Farrell was the unanimous choice by everyone involved in the selection process. That means John Henry, Larry Lucchino, and, most importantly, Ben Cherington agreed that Farrell was the best choice. Remember that that was simply not the case last time around. Cherington did not want Valentine. Lucchino did. Lucchino won. There was dysfunction from the beginning. Things go smoother when everyone is pulling in the same direction.

Is Farrell perfect? No. Does he have his warts? Yes. Most importantly, is he the right man, at the right time for the job? Time will tell. In the meantime, there is no doubt that his hiring has restored a sense of order, a feeling of confidence about the future of this team–something that players, brass, and fans alike can appreciate.

Advice for the Red Sox: Farrell, Morales, Ortiz

It’s not that these September games don’t matter at all. There is plenty of room for evaluating guys like Jose Iglesias, Ryan Lavarnway, and Ryan Kalish. However, every move that this organization makes going forward must be done with an eye towards the future. The 2012 Boston Red Sox are officially about the 2013 Boston Red Sox

Here are nine pieces of advice for a ball club in desperate need of putting its best foot forward.

—Do what you have to do to pry John Farrell from the Blue Jays. If Toronto’s GM Alex Anthopoulos demands a player like Clay Buchholz or even Daniel Bard (yes, that Daniel Bard), you move on–because that’s ridiculous. Nevertheless, there is no doubt that Farrell should be the top candidate to replace Bobby Valentine.

—Bring David Ortiz back on a one-year deal. I love these tough-talkers who call into radio shows and proclaim how they’re sick of Ortiz, how he’s a baby, and the Sox need to move on. Get real. I wouldn’t necessarily offer him arbitration, but Ortiz has to be the anchor of that lineup next season. And remember: A pissed off Ortiz is a productive Ortiz.

—Sign Cody Ross this offseason and never let him play right field again. Ever.

—John Henry must empower GM Ben Cherington. He is an intelligent, qualified executive who deserves more autonomy. If that means somehow lessening the importance of Larry Lucchino, so be it. Wins are more important than selling commemorative bricks.

—Give Franklin Morales a fair shot to start in 2013. I’d go to battle with that guy as my fifth starter any day of the week.

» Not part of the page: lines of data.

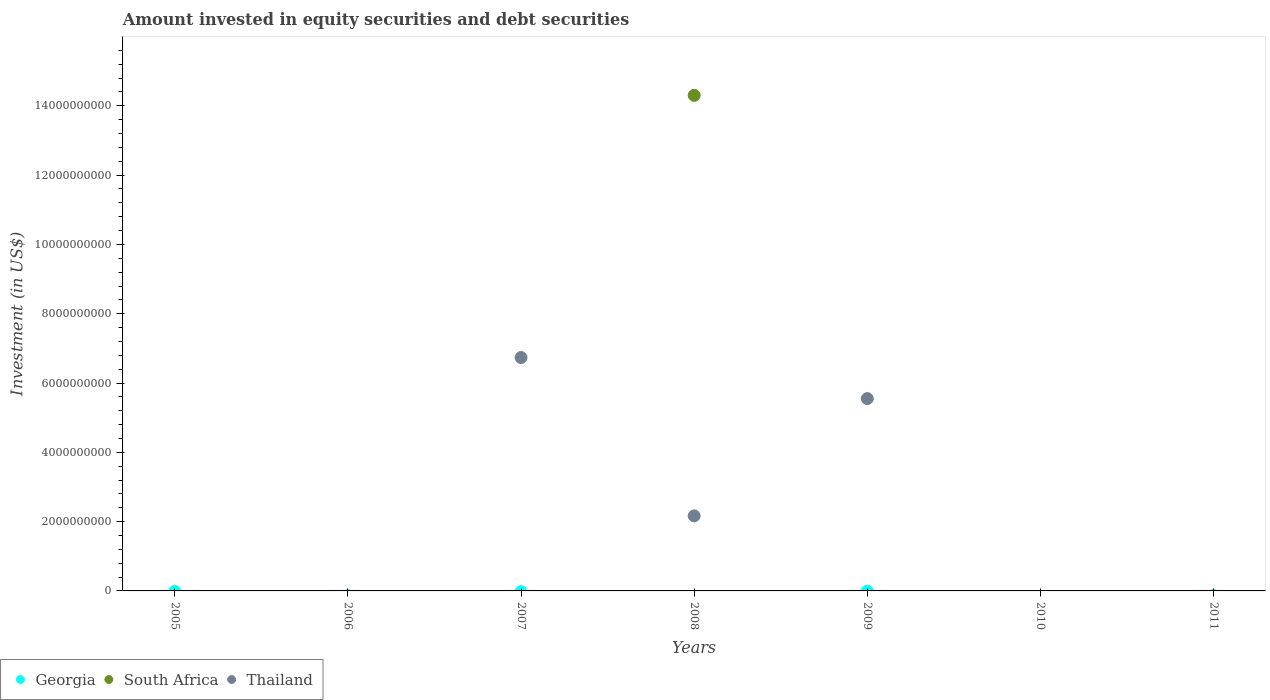How many different coloured dotlines are there?
Your response must be concise. 2. Is the number of dotlines equal to the number of legend labels?
Your response must be concise. No. What is the amount invested in equity securities and debt securities in Georgia in 2007?
Your response must be concise. 0. Across all years, what is the maximum amount invested in equity securities and debt securities in South Africa?
Provide a succinct answer. 1.43e+1. Across all years, what is the minimum amount invested in equity securities and debt securities in Thailand?
Your answer should be compact. 0. In which year was the amount invested in equity securities and debt securities in Thailand maximum?
Keep it short and to the point. 2007. What is the total amount invested in equity securities and debt securities in Thailand in the graph?
Your response must be concise. 1.45e+1. What is the difference between the amount invested in equity securities and debt securities in Georgia in 2005 and the amount invested in equity securities and debt securities in Thailand in 2009?
Make the answer very short. -5.55e+09. In how many years, is the amount invested in equity securities and debt securities in Georgia greater than 6000000000 US$?
Give a very brief answer. 0. What is the difference between the highest and the lowest amount invested in equity securities and debt securities in Thailand?
Provide a short and direct response. 6.74e+09. Does the amount invested in equity securities and debt securities in Georgia monotonically increase over the years?
Keep it short and to the point. No. Is the amount invested in equity securities and debt securities in Georgia strictly less than the amount invested in equity securities and debt securities in Thailand over the years?
Your answer should be very brief. No. What is the difference between two consecutive major ticks on the Y-axis?
Your response must be concise. 2.00e+09. Where does the legend appear in the graph?
Ensure brevity in your answer.  Bottom left. How many legend labels are there?
Make the answer very short. 3. What is the title of the graph?
Provide a short and direct response. Amount invested in equity securities and debt securities. Does "Peru" appear as one of the legend labels in the graph?
Offer a terse response. No. What is the label or title of the X-axis?
Offer a very short reply. Years. What is the label or title of the Y-axis?
Provide a short and direct response. Investment (in US$). What is the Investment (in US$) in South Africa in 2005?
Your answer should be compact. 0. What is the Investment (in US$) of Georgia in 2006?
Provide a short and direct response. 0. What is the Investment (in US$) of Thailand in 2006?
Make the answer very short. 0. What is the Investment (in US$) of South Africa in 2007?
Provide a succinct answer. 0. What is the Investment (in US$) of Thailand in 2007?
Your response must be concise. 6.74e+09. What is the Investment (in US$) in Georgia in 2008?
Provide a succinct answer. 0. What is the Investment (in US$) in South Africa in 2008?
Your answer should be very brief. 1.43e+1. What is the Investment (in US$) of Thailand in 2008?
Provide a short and direct response. 2.17e+09. What is the Investment (in US$) of South Africa in 2009?
Keep it short and to the point. 0. What is the Investment (in US$) in Thailand in 2009?
Your answer should be compact. 5.55e+09. What is the Investment (in US$) in Georgia in 2010?
Your answer should be compact. 0. What is the Investment (in US$) of Thailand in 2010?
Ensure brevity in your answer.  0. What is the Investment (in US$) in Thailand in 2011?
Provide a short and direct response. 0. Across all years, what is the maximum Investment (in US$) of South Africa?
Keep it short and to the point. 1.43e+1. Across all years, what is the maximum Investment (in US$) in Thailand?
Provide a short and direct response. 6.74e+09. Across all years, what is the minimum Investment (in US$) of Thailand?
Make the answer very short. 0. What is the total Investment (in US$) of South Africa in the graph?
Provide a short and direct response. 1.43e+1. What is the total Investment (in US$) of Thailand in the graph?
Make the answer very short. 1.45e+1. What is the difference between the Investment (in US$) of Thailand in 2007 and that in 2008?
Keep it short and to the point. 4.57e+09. What is the difference between the Investment (in US$) of Thailand in 2007 and that in 2009?
Give a very brief answer. 1.19e+09. What is the difference between the Investment (in US$) of Thailand in 2008 and that in 2009?
Offer a very short reply. -3.39e+09. What is the difference between the Investment (in US$) in South Africa in 2008 and the Investment (in US$) in Thailand in 2009?
Your answer should be very brief. 8.75e+09. What is the average Investment (in US$) of Georgia per year?
Your answer should be very brief. 0. What is the average Investment (in US$) in South Africa per year?
Provide a short and direct response. 2.04e+09. What is the average Investment (in US$) in Thailand per year?
Your answer should be compact. 2.06e+09. In the year 2008, what is the difference between the Investment (in US$) in South Africa and Investment (in US$) in Thailand?
Provide a short and direct response. 1.21e+1. What is the ratio of the Investment (in US$) in Thailand in 2007 to that in 2008?
Provide a short and direct response. 3.11. What is the ratio of the Investment (in US$) of Thailand in 2007 to that in 2009?
Give a very brief answer. 1.21. What is the ratio of the Investment (in US$) of Thailand in 2008 to that in 2009?
Offer a terse response. 0.39. What is the difference between the highest and the second highest Investment (in US$) in Thailand?
Provide a succinct answer. 1.19e+09. What is the difference between the highest and the lowest Investment (in US$) of South Africa?
Your answer should be very brief. 1.43e+1. What is the difference between the highest and the lowest Investment (in US$) in Thailand?
Provide a succinct answer. 6.74e+09. 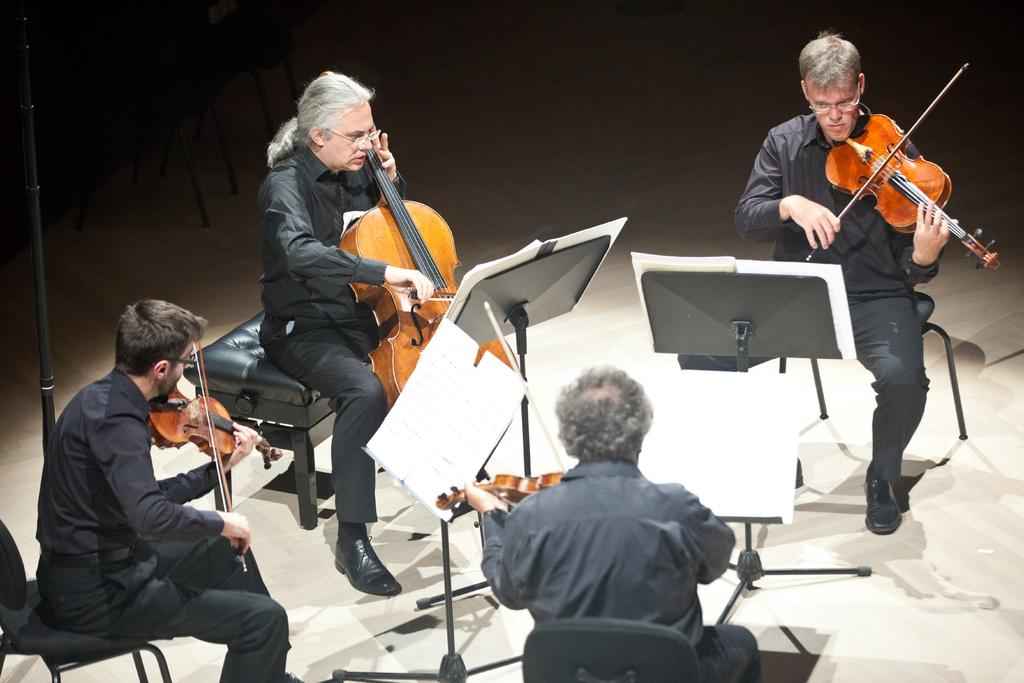How many people are in the image? There are four men in the image. What are the men doing in the image? The men are sitting in an order and playing the violin. What can be seen in front of the men? There are music notes in front of the men. What type of button can be seen on the violin in the image? There are no buttons visible on the violins in the image. What observation can be made about the pump in the image? There is no pump present in the image. 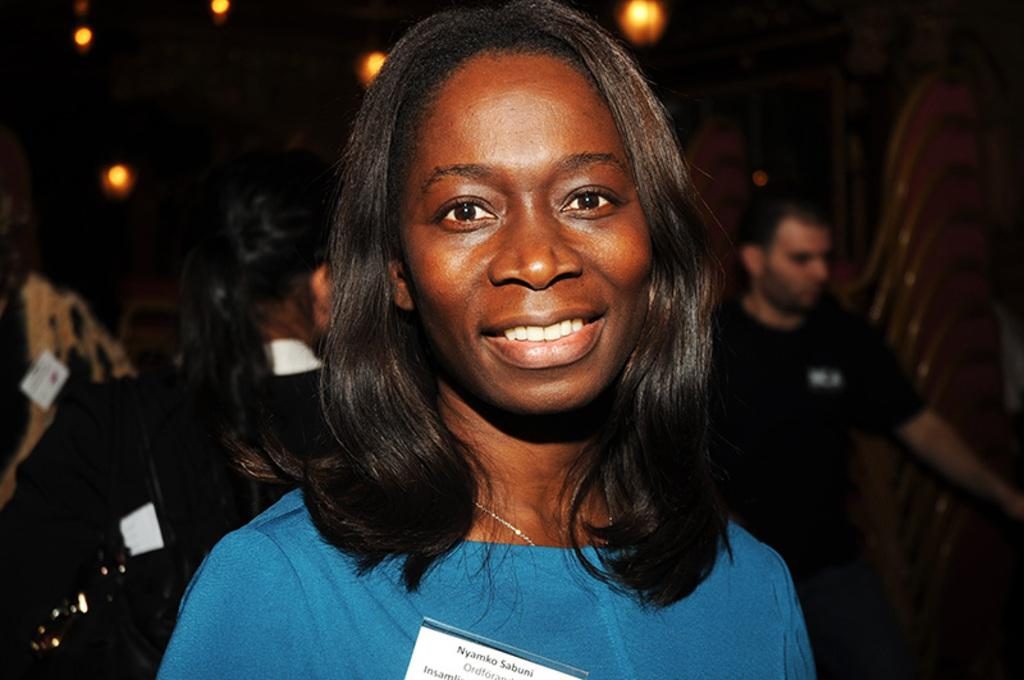Who is the main subject in the image? There is a lady in the image. What is the lady wearing? The lady is wearing a blue dress. Can you describe the people behind the lady? There are other people behind the lady, but their appearance is not specified in the facts. What is on the roof in the image? There are lights on the roof in the image. What type of feather can be seen on the lady's hat in the image? There is no mention of a hat or feather in the image, so it cannot be determined if there is a feather present.

—Integrate some patience this offseason. The Red Sox have gotten away from their bread and butter–taking pitches, working the count, and wearing down the opposition. You can get away with a couple of free swingers like Will Middlebrooks, but for every young, anxious hitter, you need two players who are willing to take what is given to them. ESPN’s Jeremy Lundblad explores this in more detail here.

—Trade Jacoby Ellsbury in the offseason. Fans will undoubtedly gripe, but it is the best decision. Here is why.

—Find a way to harness Alfredo Aceves. He is undoubtedly volatile, quirky, and, at times, troublesome. But he is a weapon, a guy who can pitch multiple innings out of the bullpen, spot start, or even close an occasional game. If he proves to be detrimental to the team, cut bait.

—Do not be afraid of bad publicity. When discussing the idea of firing Valentine before season’s end, WEEI’s Rob Bradford advocated the idea by saying “rip the band-aid off.” I don’t necessarily agree with firing Valentine now, but Bradford’s point is actually a good one. This organization has gotten away from what is most important: Assembling a quality team that is capable of playing consistently good team baseball. Are there going to be bumps in the road along the way? Sure. Rather than compromising what is best for the franchise in order to avoid a few potholes, hit them head on. Face the music and learn from the mistakes.